Oct 21 2010
Genzyme Corp. (NASDAQ: GENZ) today reported third-quarter earnings growth driven by increased shipments of Cerezyme® (imiglucerase for injection). Patients in the United States began returning to normal dosing levels last month, and patients globally are expected to be able to do so this quarter. Earnings growth in the third quarter was also driven by strong revenue from Lumizyme™ (alglucosidase alfa) and cost reduction measures.
“In the third quarter we saw our financial recovery start to take effect, and we expect that this will accelerate during the fourth quarter as Cerezyme patients are able to return to normal dosing levels and we begin to increase shipments of Fabrazyme”

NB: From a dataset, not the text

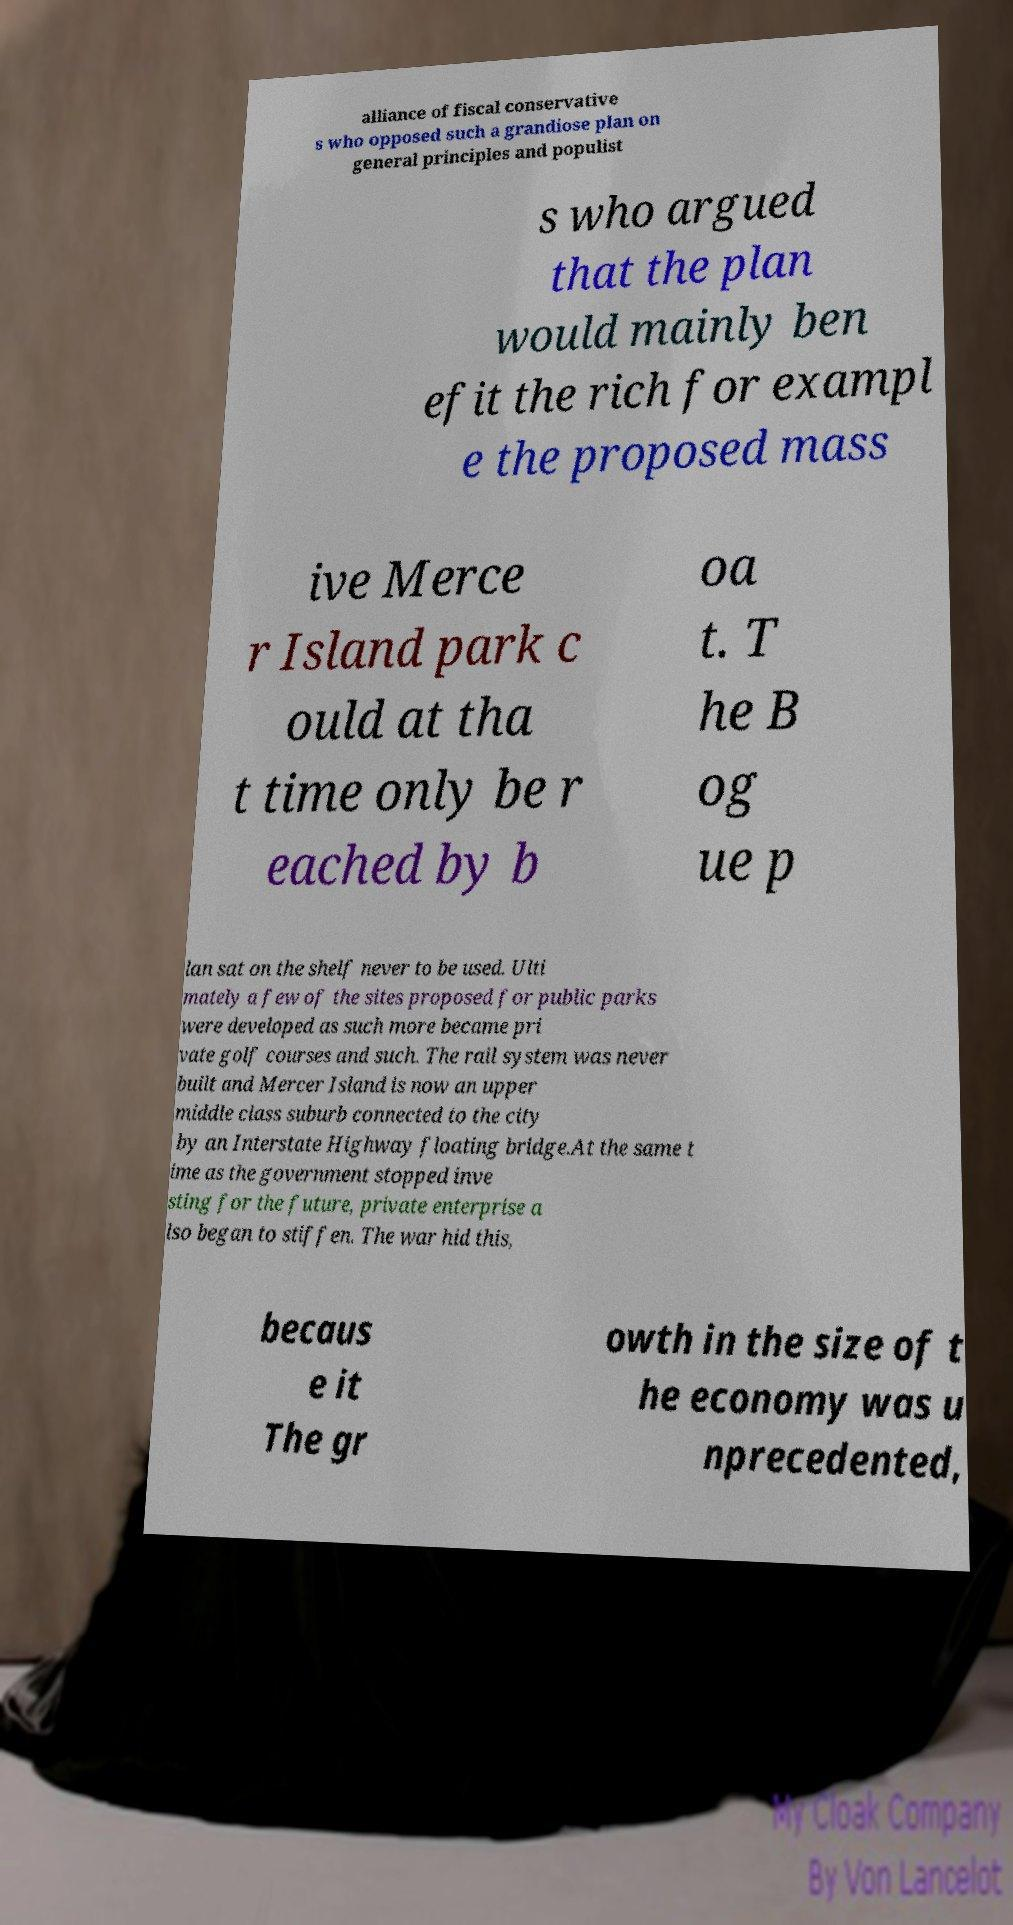For documentation purposes, I need the text within this image transcribed. Could you provide that? alliance of fiscal conservative s who opposed such a grandiose plan on general principles and populist s who argued that the plan would mainly ben efit the rich for exampl e the proposed mass ive Merce r Island park c ould at tha t time only be r eached by b oa t. T he B og ue p lan sat on the shelf never to be used. Ulti mately a few of the sites proposed for public parks were developed as such more became pri vate golf courses and such. The rail system was never built and Mercer Island is now an upper middle class suburb connected to the city by an Interstate Highway floating bridge.At the same t ime as the government stopped inve sting for the future, private enterprise a lso began to stiffen. The war hid this, becaus e it The gr owth in the size of t he economy was u nprecedented,

Third-quarter revenue was $1.0 billion, compared with $923.8 million in the same period last year. Operating results for the third quarter of 2009 have been revised to exclude the Genetics and Diagnostics businesses, which the company is planning to divest by the end of this year.
GAAP net income was $69.0 million, or $0.26 per diluted share, compared with $16.0 million, or $0.06 per diluted share, in the third quarter of 2009. Non-GAAP net income was $111.5 million, or $0.42 per diluted share, in line with the company's guidance, compared with $77.9 million, or $0.28 per diluted share, in the same period last year. Non-GAAP net income excludes stock compensation expenses, costs associated with the acquisition of oncology products from Bayer, and the operations of the Genetics and Diagnostics businesses, as they meet the criteria of discontinued operations. At the end of the third quarter, Genzyme's cash balance was approximately $1.2 billion.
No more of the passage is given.